## Your task
Pictures aside, each entry has to be returned exactly as it stands.

[Records provided — start]

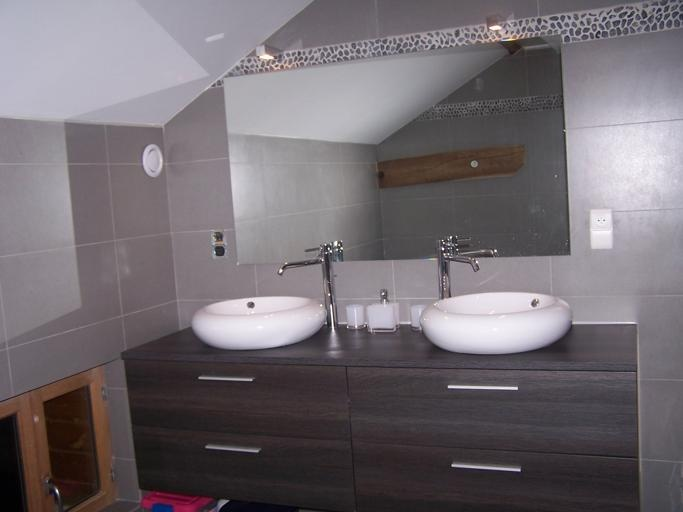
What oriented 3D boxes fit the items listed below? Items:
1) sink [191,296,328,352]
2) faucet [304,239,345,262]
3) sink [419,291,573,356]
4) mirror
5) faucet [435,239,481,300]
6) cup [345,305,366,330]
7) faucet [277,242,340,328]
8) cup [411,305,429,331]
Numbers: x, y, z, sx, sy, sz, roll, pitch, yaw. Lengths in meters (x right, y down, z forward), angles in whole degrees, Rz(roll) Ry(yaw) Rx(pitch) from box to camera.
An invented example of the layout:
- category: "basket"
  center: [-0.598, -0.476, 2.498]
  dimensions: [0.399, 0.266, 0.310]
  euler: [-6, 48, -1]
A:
- category: "sink"
  center: [-0.408, 0.305, 2.536]
  dimensions: [0.529, 0.162, 0.527]
  euler: [-9, 10, -33]
- category: "faucet"
  center: [-0.078, -0.036, 2.725]
  dimensions: [0.128, 0.085, 0.096]
  euler: [-8, 9, -7]
- category: "sink"
  center: [0.615, 0.272, 2.219]
  dimensions: [0.570, 0.170, 0.445]
  euler: [-6, 9, -17]
- category: "mirror"
  center: [0.323, -0.525, 2.584]
  dimensions: [1.098, 0.699, 0.015]
  euler: [-3, 10, 15]
- category: "faucet"
  center: [0.534, 0.056, 2.485]
  dimensions: [0.194, 0.278, 0.248]
  euler: [-1, 9, 14]
- category: "cup"
  center: [0.066, 0.296, 2.615]
  dimensions: [0.101, 0.119, 0.104]
  euler: [-1, 2, 0]
- category: "faucet"
  center: [-0.160, 0.165, 2.633]
  dimensions: [0.317, 0.420, 0.280]
  euler: [-7, 0, -26]
- category: "cup"
  center: [0.343, 0.281, 2.490]
  dimensions: [0.096, 0.114, 0.098]
  euler: [1, 10, 0]
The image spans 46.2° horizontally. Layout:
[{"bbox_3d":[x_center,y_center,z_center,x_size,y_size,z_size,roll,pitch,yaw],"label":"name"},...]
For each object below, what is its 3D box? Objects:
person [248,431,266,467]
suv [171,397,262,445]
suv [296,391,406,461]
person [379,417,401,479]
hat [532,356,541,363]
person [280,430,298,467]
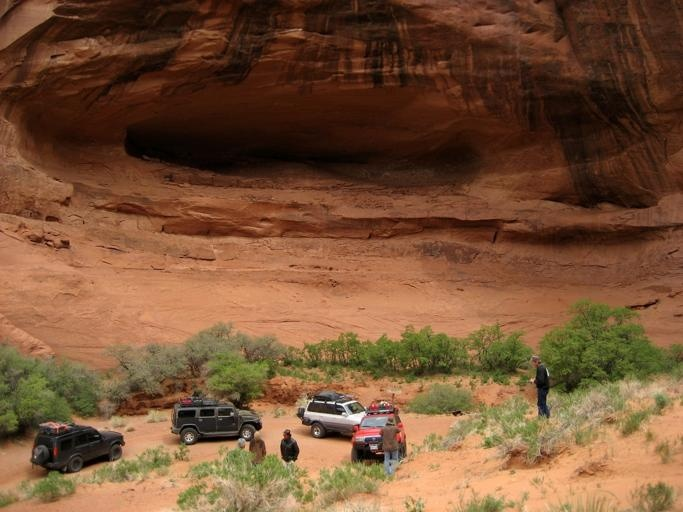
[{"bbox_3d":[-2.510,5.782,23.626,0.462,0.663,0.863,-1,-6,-6],"label":"person"},{"bbox_3d":[-4.267,5.553,27.413,3.101,0.964,1.467,0,0,-7],"label":"suv"},{"bbox_3d":[0.353,5.671,26.795,1.921,1.967,3.911,2,-6,-27],"label":"suv"},{"bbox_3d":[1.462,5.751,24.420,0.497,1.694,0.765,-2,-7,5],"label":"person"},{"bbox_3d":[5.926,3.162,24.438,0.341,0.133,0.362,2,-2,3],"label":"hat"},{"bbox_3d":[-1.601,5.763,24.158,0.483,0.949,1.013,-1,-6,-3],"label":"person"}]
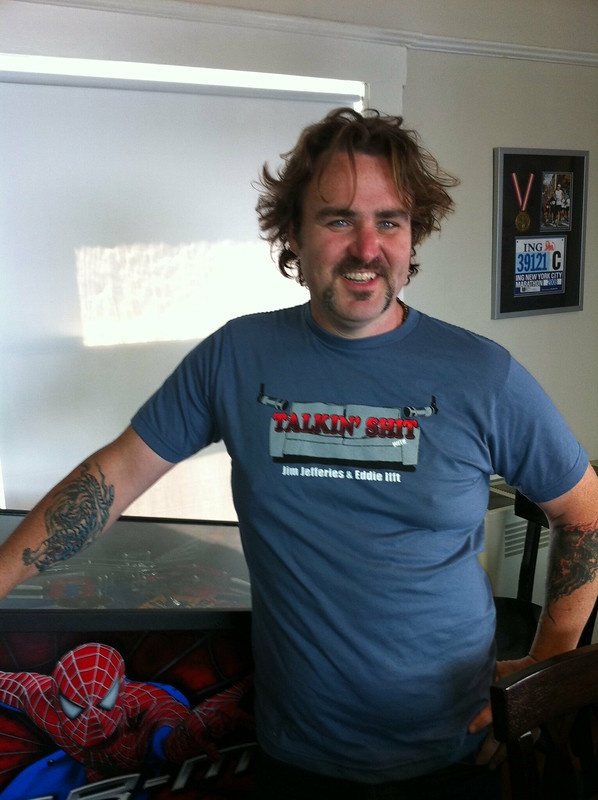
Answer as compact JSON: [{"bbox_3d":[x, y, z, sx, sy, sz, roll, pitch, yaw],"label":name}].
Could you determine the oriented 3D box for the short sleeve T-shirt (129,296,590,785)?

[Records provided — finish]

## Written solution
What oriented 3D boxes fit the items listed below? Items:
1) sink [191,296,328,352]
2) faucet [304,239,345,262]
3) sink [419,291,573,356]
4) mirror
5) faucet [435,239,481,300]
6) cup [345,305,366,330]
7) faucet [277,242,340,328]
8) cup [411,305,429,331]
Numbers: x, y, z, sx, sy, sz, roll, pitch, yaw. Lengths in meters (x right, y down, z forward), angles in whole degrees, Rz(roll) Ry(yaw) Rx(pitch) from box to camera.
An invented example of the layout:
- category: "basket"
  center: [-0.598, -0.476, 2.498]
  dimensions: [0.399, 0.266, 0.310]
  euler: [-6, 48, -1]
A:
- category: "sink"
  center: [-0.408, 0.305, 2.536]
  dimensions: [0.529, 0.162, 0.527]
  euler: [-9, 10, -33]
- category: "faucet"
  center: [-0.078, -0.036, 2.725]
  dimensions: [0.128, 0.085, 0.096]
  euler: [-8, 9, -7]
- category: "sink"
  center: [0.615, 0.272, 2.219]
  dimensions: [0.570, 0.170, 0.445]
  euler: [-6, 9, -17]
- category: "mirror"
  center: [0.323, -0.525, 2.584]
  dimensions: [1.098, 0.699, 0.015]
  euler: [-3, 10, 15]
- category: "faucet"
  center: [0.534, 0.056, 2.485]
  dimensions: [0.194, 0.278, 0.248]
  euler: [-1, 9, 14]
- category: "cup"
  center: [0.066, 0.296, 2.615]
  dimensions: [0.101, 0.119, 0.104]
  euler: [-1, 2, 0]
- category: "faucet"
  center: [-0.160, 0.165, 2.633]
  dimensions: [0.317, 0.420, 0.280]
  euler: [-7, 0, -26]
- category: "cup"
  center: [0.343, 0.281, 2.490]
  dimensions: [0.096, 0.114, 0.098]
  euler: [1, 10, 0]
The image spans 46.2° horizontally. Layout:
[{"bbox_3d":[x_center,y_center,z_center,x_size,y_size,z_size,roll,pitch,yaw],"label":"name"},...]
For each object below, what is its 3D box? Objects:
person [248,431,266,467]
suv [171,397,262,445]
suv [296,391,406,461]
person [379,417,401,479]
hat [532,356,541,363]
person [280,430,298,467]
[{"bbox_3d":[-2.510,5.782,23.626,0.462,0.663,0.863,-1,-6,-6],"label":"person"},{"bbox_3d":[-4.267,5.553,27.413,3.101,0.964,1.467,0,0,-7],"label":"suv"},{"bbox_3d":[0.353,5.671,26.795,1.921,1.967,3.911,2,-6,-27],"label":"suv"},{"bbox_3d":[1.462,5.751,24.420,0.497,1.694,0.765,-2,-7,5],"label":"person"},{"bbox_3d":[5.926,3.162,24.438,0.341,0.133,0.362,2,-2,3],"label":"hat"},{"bbox_3d":[-1.601,5.763,24.158,0.483,0.949,1.013,-1,-6,-3],"label":"person"}]
Answer as compact JSON: [{"bbox_3d":[x, y, z, sx, sy, sz, roll, pitch, yaw],"label":name}].
Could you determine the oriented 3D box for the short sleeve T-shirt (129,296,590,785)?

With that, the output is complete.